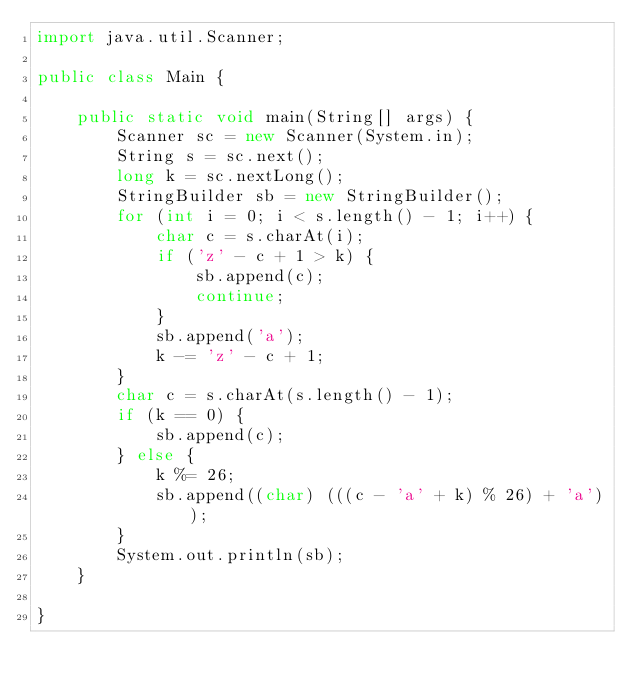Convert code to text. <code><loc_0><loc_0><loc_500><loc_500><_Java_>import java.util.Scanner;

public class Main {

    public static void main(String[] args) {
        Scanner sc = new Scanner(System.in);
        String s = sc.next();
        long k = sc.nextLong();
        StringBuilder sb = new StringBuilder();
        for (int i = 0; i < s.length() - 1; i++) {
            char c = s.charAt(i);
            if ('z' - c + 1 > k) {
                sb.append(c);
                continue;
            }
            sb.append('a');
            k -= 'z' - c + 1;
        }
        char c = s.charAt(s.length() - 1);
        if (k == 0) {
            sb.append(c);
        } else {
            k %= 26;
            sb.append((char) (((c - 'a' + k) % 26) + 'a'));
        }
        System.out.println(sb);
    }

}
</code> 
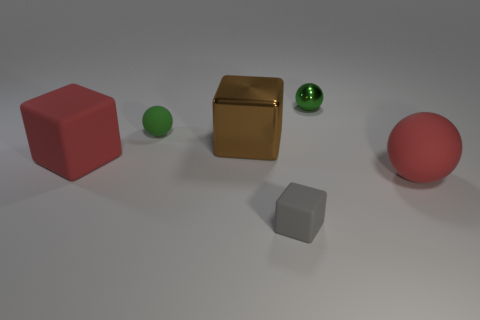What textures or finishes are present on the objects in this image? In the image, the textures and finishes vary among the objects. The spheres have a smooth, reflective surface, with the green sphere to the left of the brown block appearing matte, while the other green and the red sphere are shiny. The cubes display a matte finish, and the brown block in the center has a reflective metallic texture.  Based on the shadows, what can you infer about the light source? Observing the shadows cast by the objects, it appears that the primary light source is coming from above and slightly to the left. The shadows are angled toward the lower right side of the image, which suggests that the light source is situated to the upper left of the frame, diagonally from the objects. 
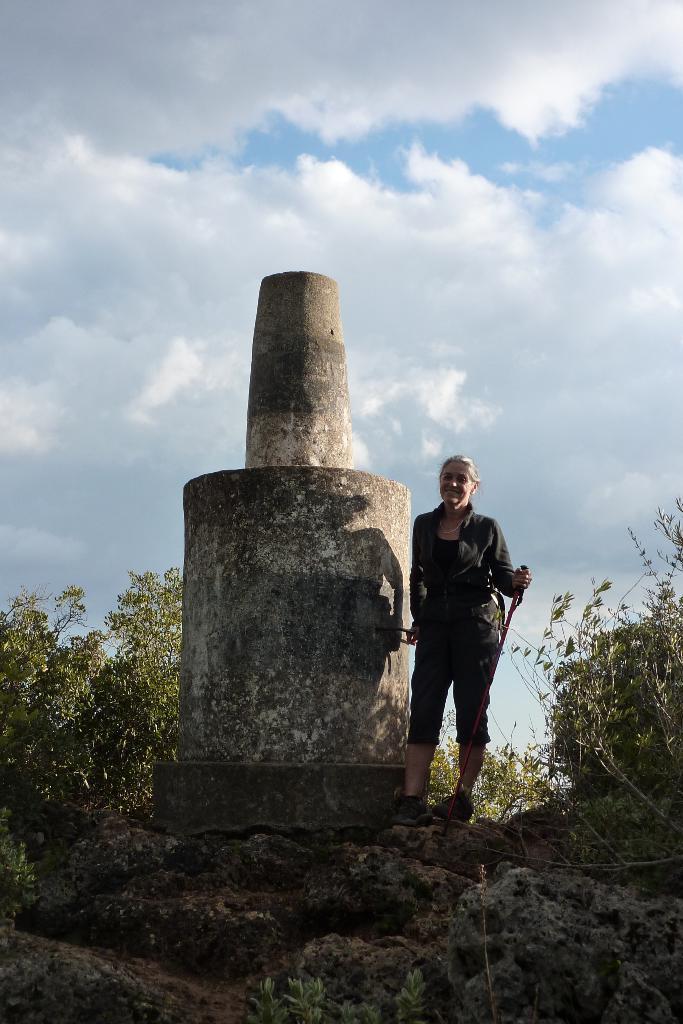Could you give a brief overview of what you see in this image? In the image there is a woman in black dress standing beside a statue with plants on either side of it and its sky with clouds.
========
> **THE PROBLEM**
Each entry should come back exactly as written, with its pictures omitted.

> **OUTPUT FOR THIS EXERCISE**
Convert code to text. <code><loc_0><loc_0><loc_500><loc_500><_Java_>import java.util.Scanner;

public class Main {

    public static void main(String[] args) {
        Scanner sc = new Scanner(System.in);
        String s = sc.next();
        long k = sc.nextLong();
        StringBuilder sb = new StringBuilder();
        for (int i = 0; i < s.length() - 1; i++) {
            char c = s.charAt(i);
            if ('z' - c + 1 > k) {
                sb.append(c);
                continue;
            }
            sb.append('a');
            k -= 'z' - c + 1;
        }
        char c = s.charAt(s.length() - 1);
        if (k == 0) {
            sb.append(c);
        } else {
            k %= 26;
            sb.append((char) (((c - 'a' + k) % 26) + 'a'));
        }
        System.out.println(sb);
    }

}
</code> 
What textures or finishes are present on the objects in this image? In the image, the textures and finishes vary among the objects. The spheres have a smooth, reflective surface, with the green sphere to the left of the brown block appearing matte, while the other green and the red sphere are shiny. The cubes display a matte finish, and the brown block in the center has a reflective metallic texture.  Based on the shadows, what can you infer about the light source? Observing the shadows cast by the objects, it appears that the primary light source is coming from above and slightly to the left. The shadows are angled toward the lower right side of the image, which suggests that the light source is situated to the upper left of the frame, diagonally from the objects. 
Could you give a brief overview of what you see in this image? In the image there is a woman in black dress standing beside a statue with plants on either side of it and its sky with clouds.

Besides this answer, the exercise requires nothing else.